Died. John McEntee Bowman, 56, president of Bowman-Biltmore Hotels Corp. (Manhattan's Biltmore, Belmont, Commodore, Murray Hill; Biltmores in Havana, Miami, Los Angeles, Atlanta, Wilmington, Santa Barbara, Dayton, Belleair, Providence); after an operation for gallstones; in Manhattan. Hotelman Bowman's first hotel job was with Gustav Baumann of Manhattan's famed old Holland House. His later avocation: horses. He was president of the United Hunts Racing Association and the National Horse Show, onetime president of the Havana-American Jockey Club.
Died, George Washington Ochs Oakes, 69, editor of 'the New York Times Co.'s monthly Current History, brother of its Publisher Adolph Ochs; of heart disease, day before his 70th birthday; in Manhattan. Predicting during the World War that the deeds of German armies and German submarines would make a German name obnoxious for years to come, he obtained court permission to add Oakes to his.

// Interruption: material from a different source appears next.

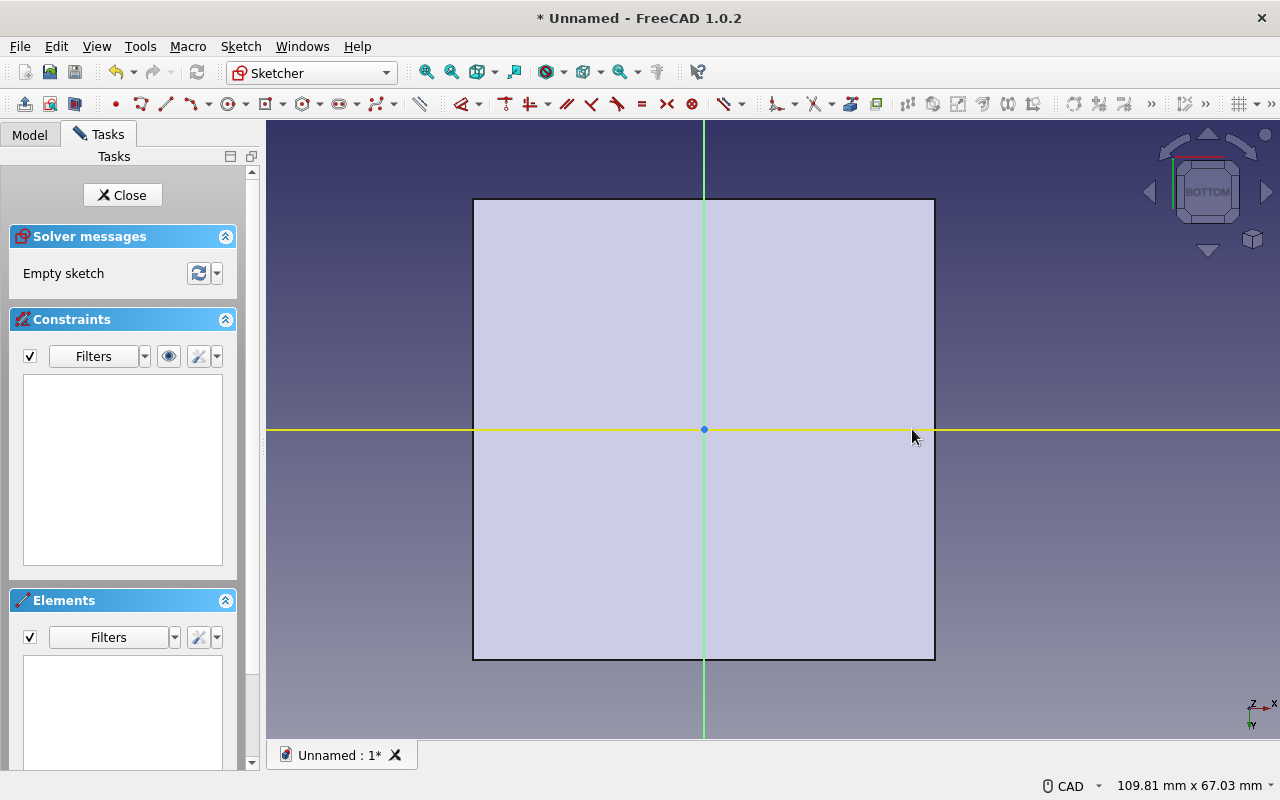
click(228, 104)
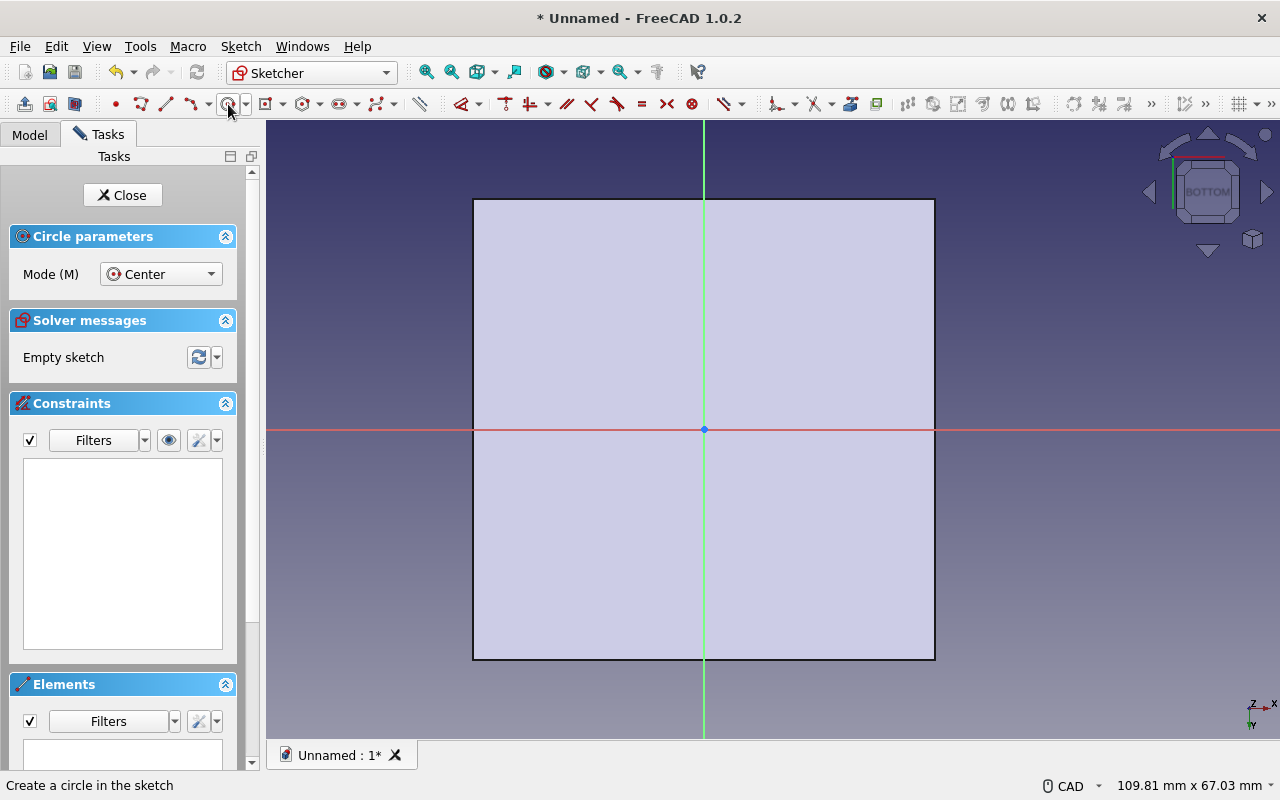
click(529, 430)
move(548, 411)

Died. James Alexander Tyng, 76, Manhattan insurance man, famed oldtime (1872-78) Harvard baseball catcher, inventor of the catcher's mask; of lobar pneumonia; in Manhattan.
Died. Mrs. Helen Josephine ("Josie") Mansfield Reade, 78, famed actress and beauty of the last century; of complications resulting from a fall in a department store; in Paris. The protegee of James ("Jim") Fisk Jr., famed Wall Street figure of the 1870's, she transferred her affections to his onetime partner, Edward S. Stokes, crony of Boss Tweed and "handsomest man in town." In 1872 Stokes shot & killed his rival on the stairway of the old Grand Central Hotel. Backed by Boss Tweed, he got off with four years in jail. After his death in 1901, Tammany gave him a fine funeral with a 200-piece band. Josie Mansfield went to Europe, visited many a fashionable watering place, married Robert Livingston Reade, Manhattan lawyer, in 1891. He announced that she was the only person who could save him from drink. In 1897 Lawyer Reade was declared insane from excessive drink and use of chloral.
Died. Dr. Edward Christian Glass, 79, superintendent since 1879 of public schools in Lynchburg, Va., brother of Senator Carter Glass of Virginia, half-brother of President Meta Glass of Sweet Briar College; of heart disease; in Lynchburg.